• _SOURCE MATERIAL_:
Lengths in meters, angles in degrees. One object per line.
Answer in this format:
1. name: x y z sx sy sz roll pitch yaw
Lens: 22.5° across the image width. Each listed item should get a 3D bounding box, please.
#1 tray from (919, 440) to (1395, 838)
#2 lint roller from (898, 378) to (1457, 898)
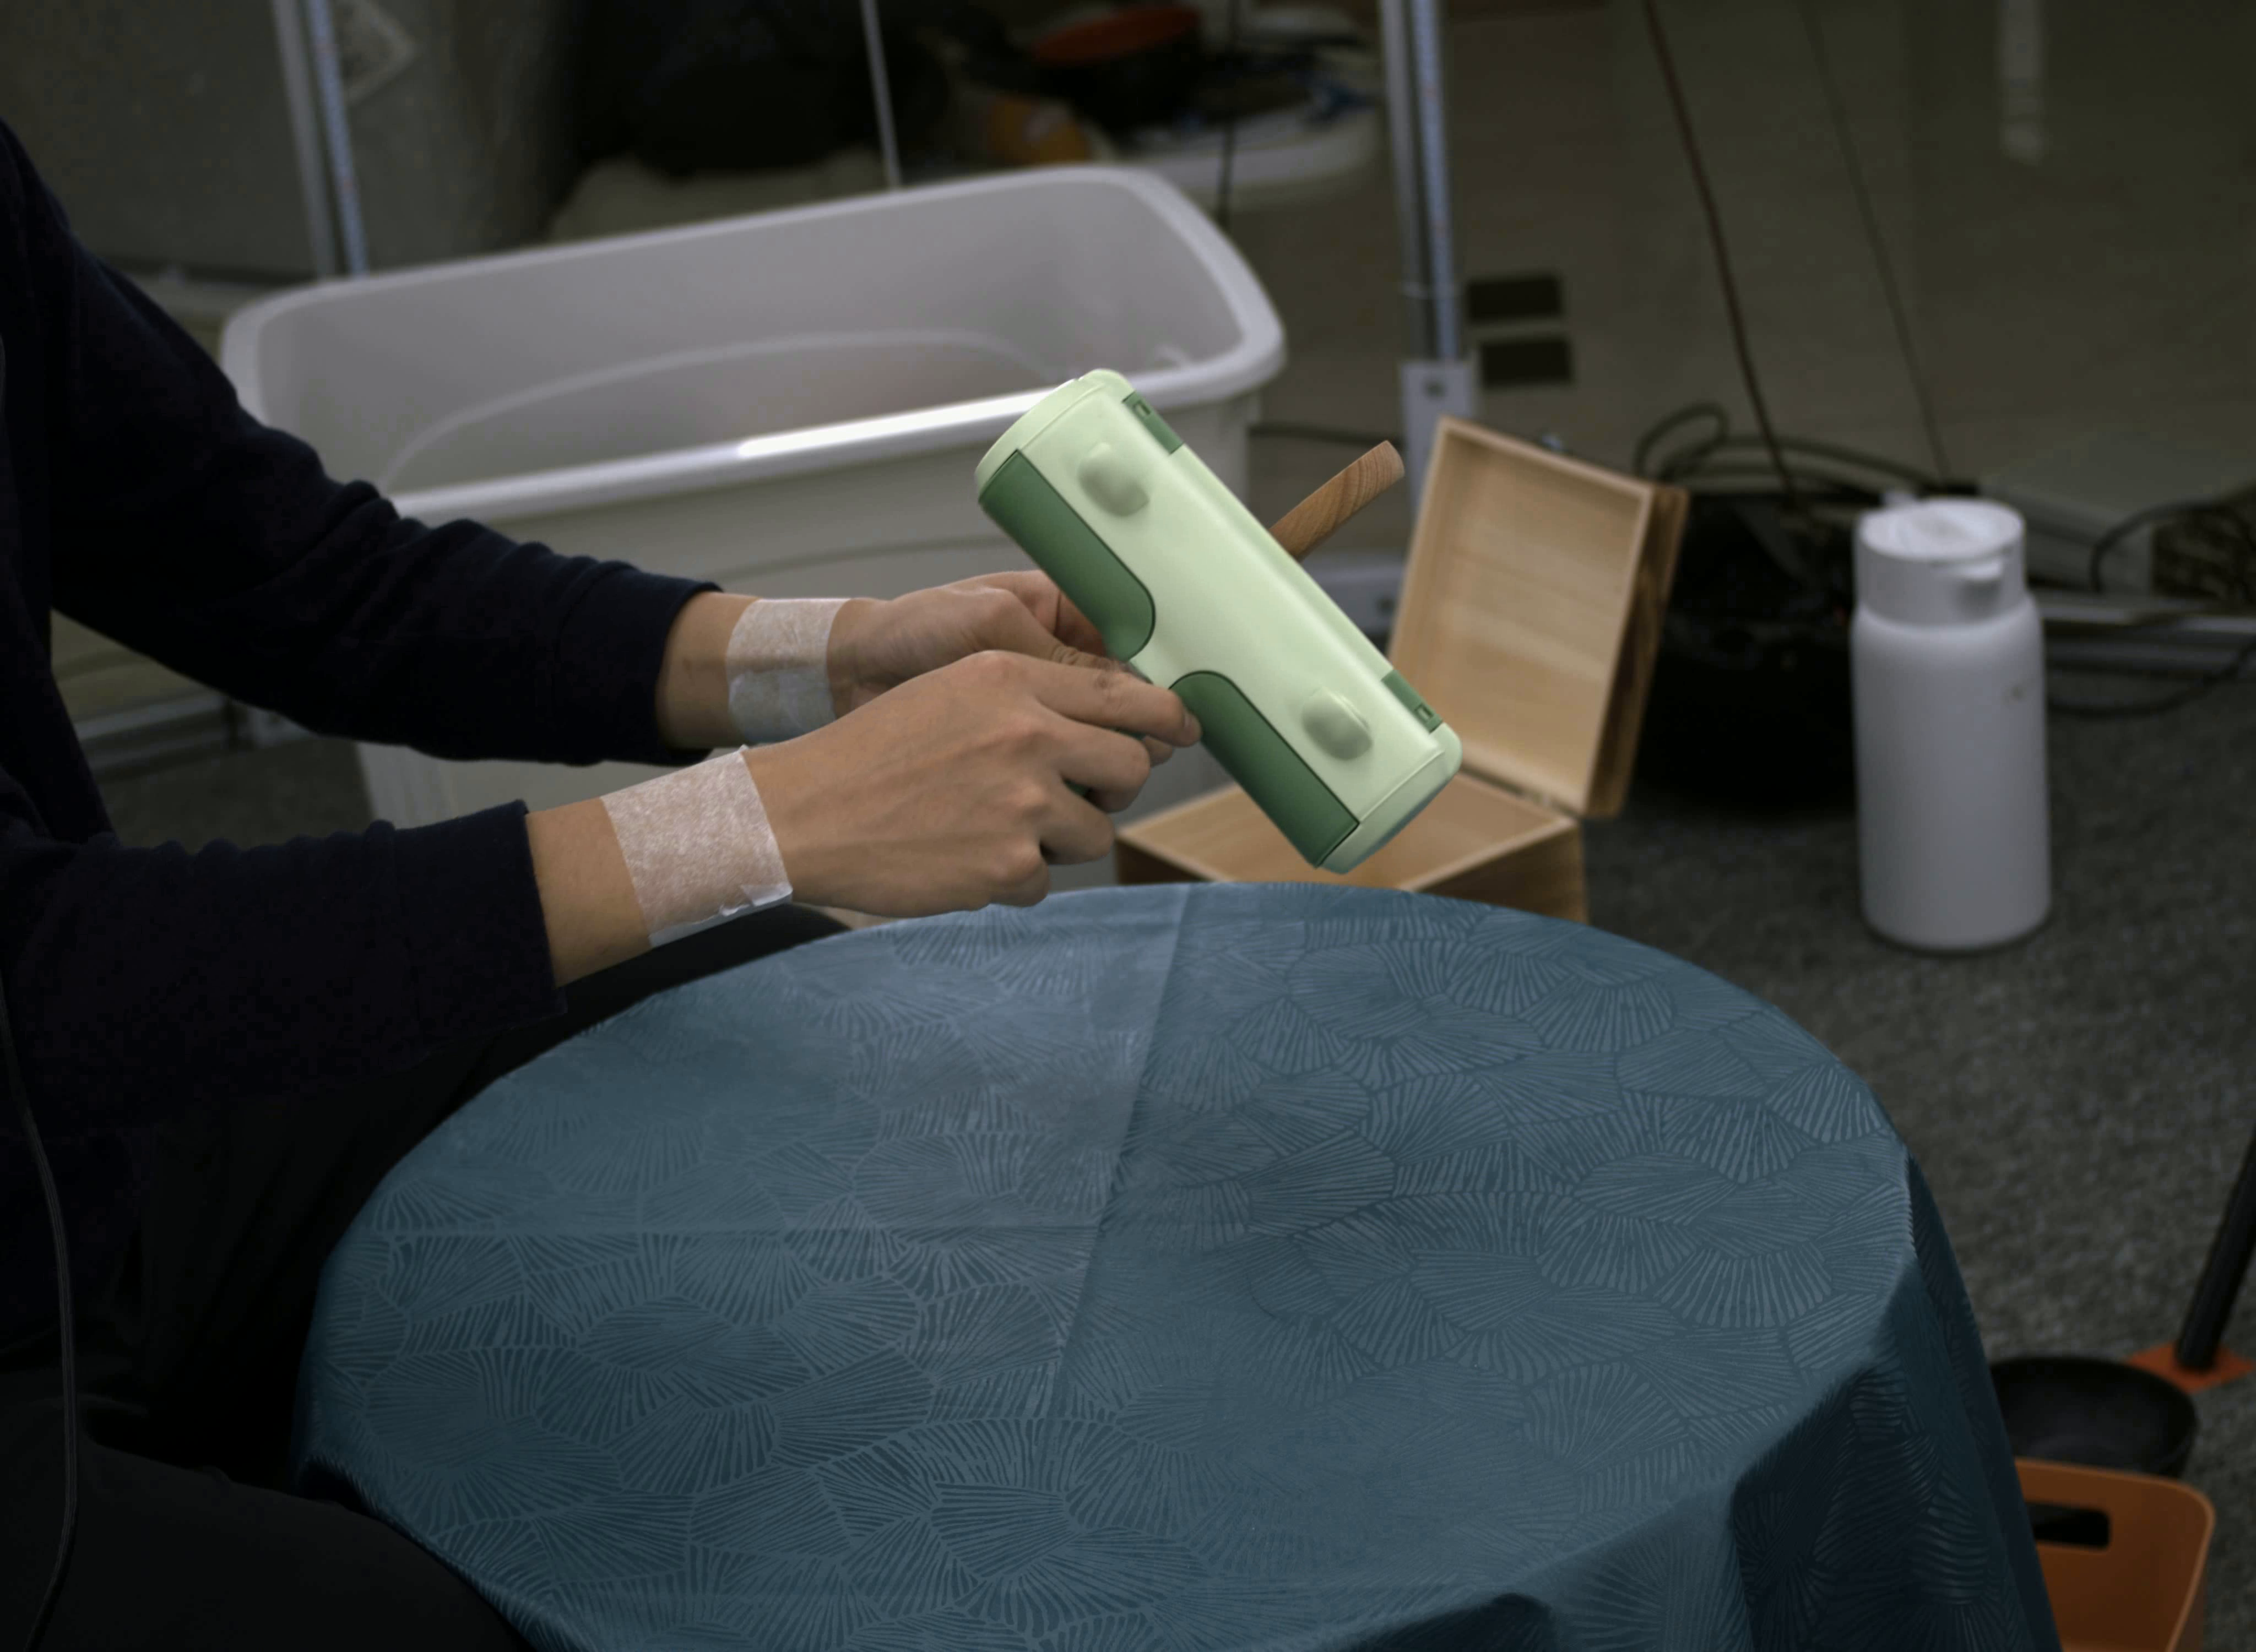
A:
1. tray: 0.010 -0.064 2.081 0.233 0.020 0.101 -42 -3 25
2. lint roller: -0.006 -0.042 1.956 0.198 0.083 0.181 47 58 4

• _INSTRUCTIONS FOR THE TASK_: Could you write out exactly the lines running from the one with "1. name: x y z sx sy sz roll pitch yaw" through the last line of the data above, both ends kept, and omit any picture?

• _OUTPUT FOR THIS TASK_:
1. name: x y z sx sy sz roll pitch yaw
Lens: 22.5° across the image width. Each listed item should get a 3D bounding box, please.
#1 tray from (919, 440) to (1395, 838)
#2 lint roller from (898, 378) to (1457, 898)
A:
1. tray: 0.010 -0.064 2.081 0.233 0.020 0.101 -42 -3 25
2. lint roller: -0.006 -0.042 1.956 0.198 0.083 0.181 47 58 4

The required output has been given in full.